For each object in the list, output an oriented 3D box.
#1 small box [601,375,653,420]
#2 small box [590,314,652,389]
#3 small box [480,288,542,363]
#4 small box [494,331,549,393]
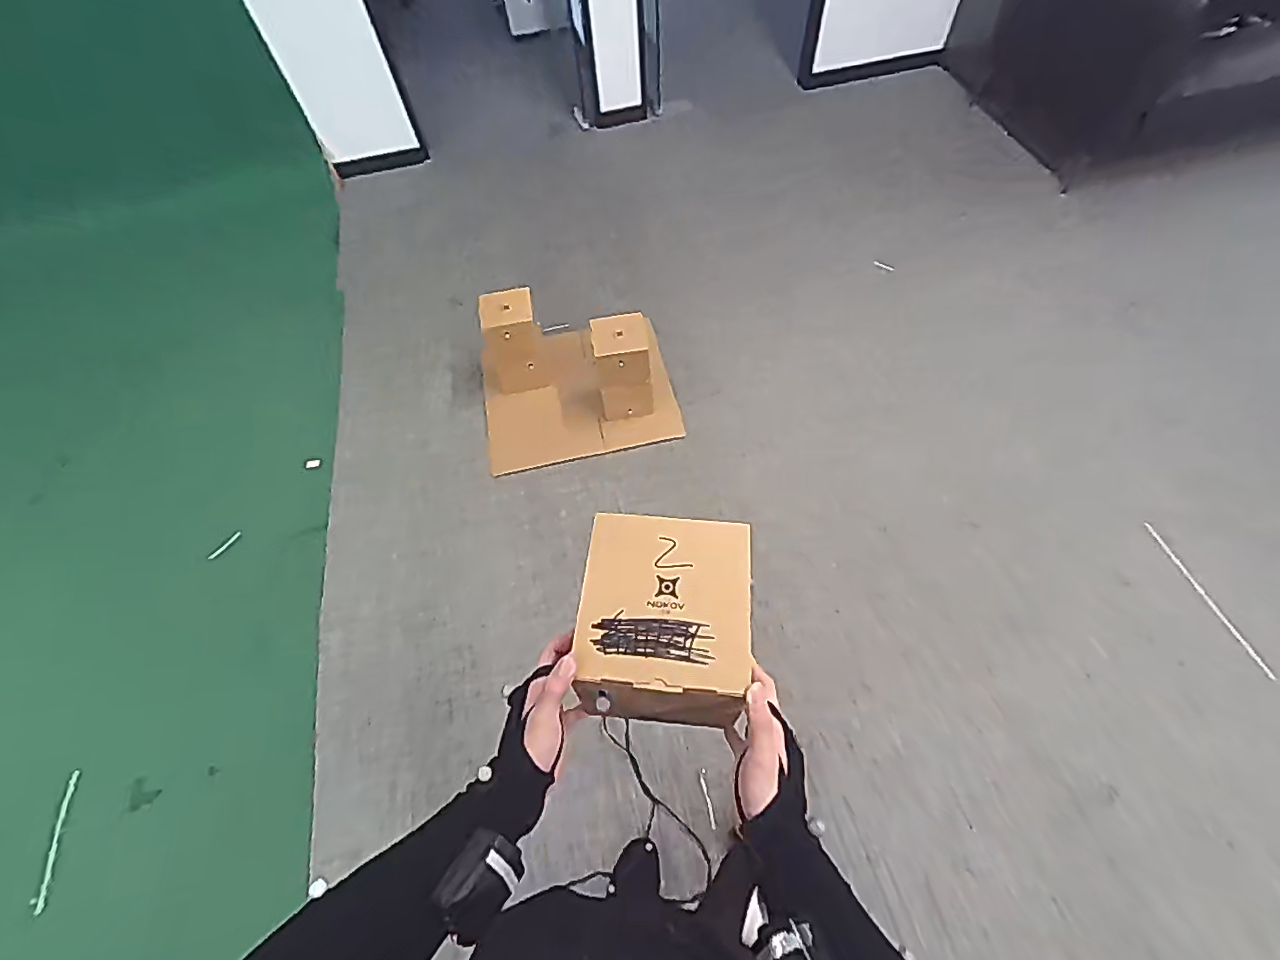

What is required: Set the entries down exactly, but not the pictures.

Task result:
For each object in the list, output an oriented 3D box.
#1 small box [601,375,653,420]
#2 small box [590,314,652,389]
#3 small box [480,288,542,363]
#4 small box [494,331,549,393]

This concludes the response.